O intercâmbio cultural entre o Brasil e países da África é tamanho e sabido por todos e o que vamos abordar nesse artigo é um dos gêneros musicais e de dança mais populares e famosos do nordeste brasileiro e que nasceu da cultura angolana, de um estilo musical que tem origem no ressoar dos tambores, estilo esse chamado lundu.
Também há uma coreografia realizada enquanto se canta, essa dança é a mistura da cultura africana, da cultura portuguesa e do que já se tinha aqui no Brasil, por isso, trata-se de uma síntese dessas três culturas, muito apreciada e praticada no século XIX.

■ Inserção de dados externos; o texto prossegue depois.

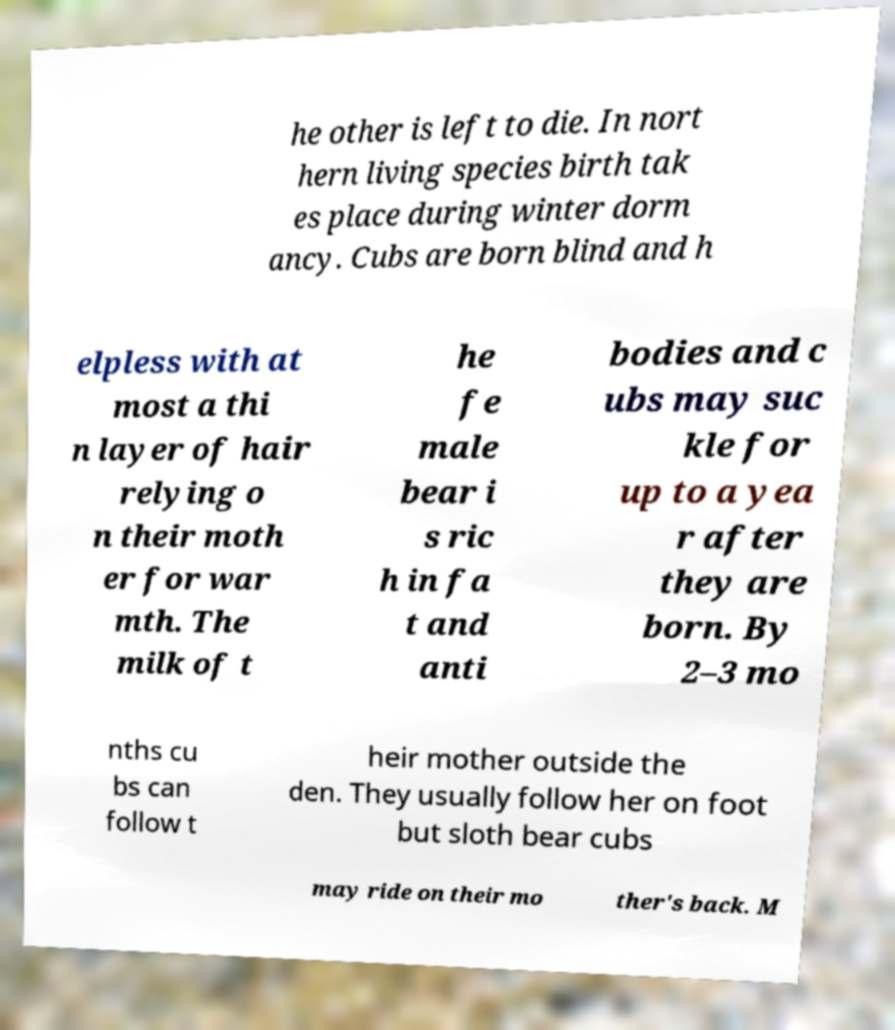Can you read and provide the text displayed in the image?This photo seems to have some interesting text. Can you extract and type it out for me? he other is left to die. In nort hern living species birth tak es place during winter dorm ancy. Cubs are born blind and h elpless with at most a thi n layer of hair relying o n their moth er for war mth. The milk of t he fe male bear i s ric h in fa t and anti bodies and c ubs may suc kle for up to a yea r after they are born. By 2–3 mo nths cu bs can follow t heir mother outside the den. They usually follow her on foot but sloth bear cubs may ride on their mo ther's back. M 
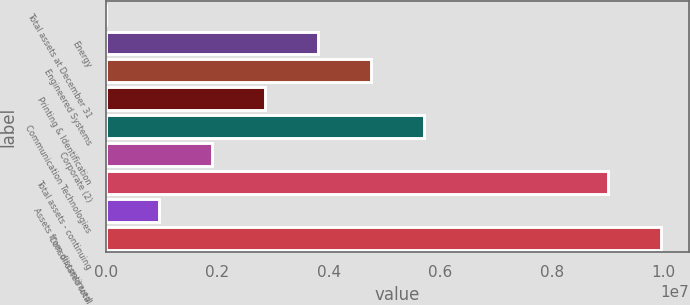<chart> <loc_0><loc_0><loc_500><loc_500><bar_chart><fcel>Total assets at December 31<fcel>Energy<fcel>Engineered Systems<fcel>Printing & Identification<fcel>Communication Technologies<fcel>Corporate (2)<fcel>Total assets - continuing<fcel>Assets from discontinued<fcel>Consolidated total<nl><fcel>2011<fcel>3.80143e+06<fcel>4.75128e+06<fcel>2.85157e+06<fcel>5.70114e+06<fcel>1.90172e+06<fcel>9.01369e+06<fcel>951865<fcel>9.96355e+06<nl></chart> 
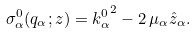<formula> <loc_0><loc_0><loc_500><loc_500>\sigma _ { \alpha } ^ { 0 } ( q _ { \alpha } ; z ) = { k _ { \alpha } ^ { 0 } } ^ { 2 } - 2 \, \mu _ { \alpha } { \hat { z } } _ { \alpha } .</formula>

Dando um salto para a década de 1940, o baião ganhou novo frescor aqui no Brasil ao ser incorporada a sanfona e as composições daquele que ficou eternamente conhecido como rei do Baião, Luiz Gonzaga assim, esse “novo baião” tomou nova forma, disseminou-se pelo país e cruzou fronteiras, sendo conhecido mundialmente. Além da sanfona passam acompanhar também o agogô e o triângulo, as vezes chegando até a se usar uma orquestra para as apresentações de baião.

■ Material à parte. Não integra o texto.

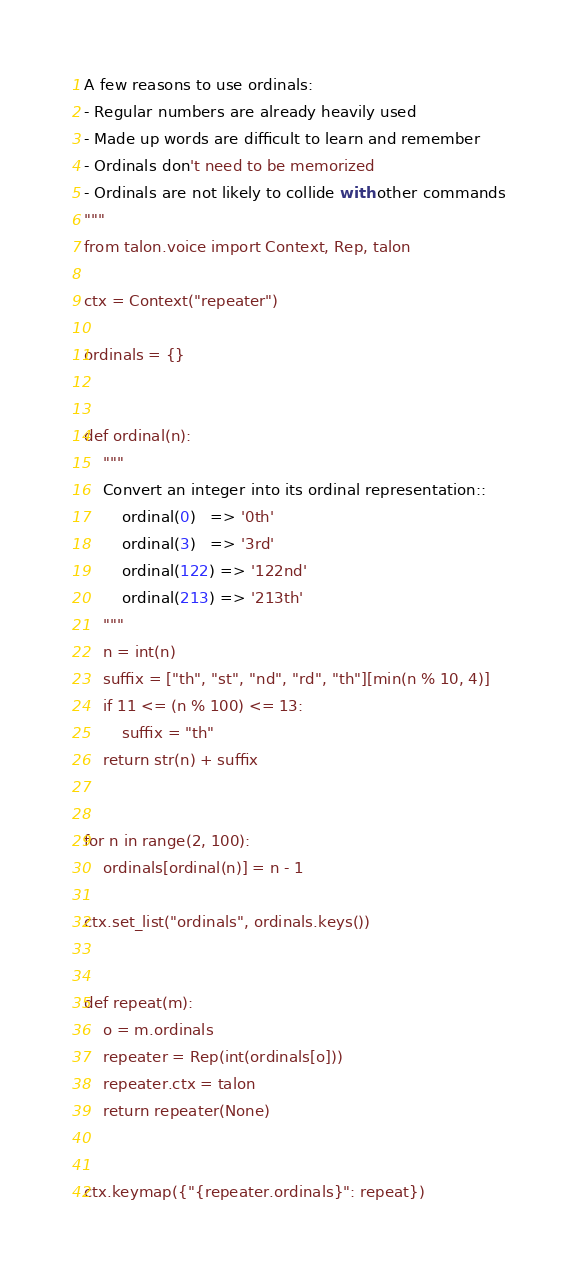Convert code to text. <code><loc_0><loc_0><loc_500><loc_500><_Python_>
A few reasons to use ordinals:
- Regular numbers are already heavily used
- Made up words are difficult to learn and remember
- Ordinals don't need to be memorized
- Ordinals are not likely to collide with other commands
"""
from talon.voice import Context, Rep, talon

ctx = Context("repeater")

ordinals = {}


def ordinal(n):
    """
    Convert an integer into its ordinal representation::
        ordinal(0)   => '0th'
        ordinal(3)   => '3rd'
        ordinal(122) => '122nd'
        ordinal(213) => '213th'
    """
    n = int(n)
    suffix = ["th", "st", "nd", "rd", "th"][min(n % 10, 4)]
    if 11 <= (n % 100) <= 13:
        suffix = "th"
    return str(n) + suffix


for n in range(2, 100):
    ordinals[ordinal(n)] = n - 1

ctx.set_list("ordinals", ordinals.keys())


def repeat(m):
    o = m.ordinals
    repeater = Rep(int(ordinals[o]))
    repeater.ctx = talon
    return repeater(None)


ctx.keymap({"{repeater.ordinals}": repeat})
</code> 
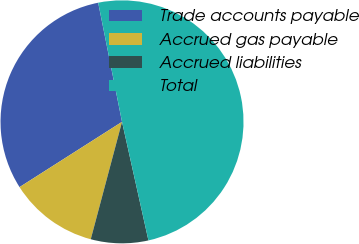<chart> <loc_0><loc_0><loc_500><loc_500><pie_chart><fcel>Trade accounts payable<fcel>Accrued gas payable<fcel>Accrued liabilities<fcel>Total<nl><fcel>30.88%<fcel>11.83%<fcel>7.63%<fcel>49.65%<nl></chart>

O estilo musical passa a ter força e significância total no Brasil a partir da gravação da música Baião, com uma letra convidativa e um ritmo envolvente, a música composta por Luiz Gonzaga e Humberto Teixeira cai no gosto do brasileiro, veja a letra abaixo:
“Eu vou mostrar pra vocês
Como se dança o baião
E quem quiser aprender
É favor prestar atenção
Morena chegue pra cá
Bem junto ao meu coração
Agora é só me seguir
Pois eu vou dançar o baião
Eu já dancei balancê
Xamego, samba e xerém
Mas o baião tem um quê
Que as outras danças não têm
Quem quiser é só dizer
Pois eu com satisfação
Vou dançar cantando o baião
Eu já cantei no Pará
Toquei sanfona em Belém
Cantei lá no Ceará
E sei o que me convém
Por isso eu quero afirmar
Com toda convicção
Que sou doido pelo baião”
Muitos cantores passam a aderir o baião em seus repertórios e isso se dá principalmente a partir da década de 50, com Emilinha Borba, Ivon Curi, entre outros. Além disso, Luiz Gonzaga, como Rei do Baião tinha sua corte com Carmélia Alves tida como a rainha, Claudete Soares, a princesa e Luiz Vieira, o príncipe.
O Baião passou por um período no ostracismo da história musical brasileira, mas ressurgiu ao final da década de 70 pelas mãos de músicos como: Dominguinhos, Zito Borborema, João do Vale, Quinteto Violado e muitos outros.
O ritmo também inspirou outros, como a tropicália e o rock, em especial o produzido por Raul Seixas que com a junção do rock com o baião foi carinhosamente batizado de Baioque.
Suas letras costumam contar sobre o cotidiano do nordestino e as dificuldades da vida e ficou marcado para sempre na história da música e da cultura brasileira com músicas amplamente conhecidas e cantadas como Asa Branca, Mulher Rendeira, Baião de Dois, Baião da Penha, Boi Bumba e tantos outras.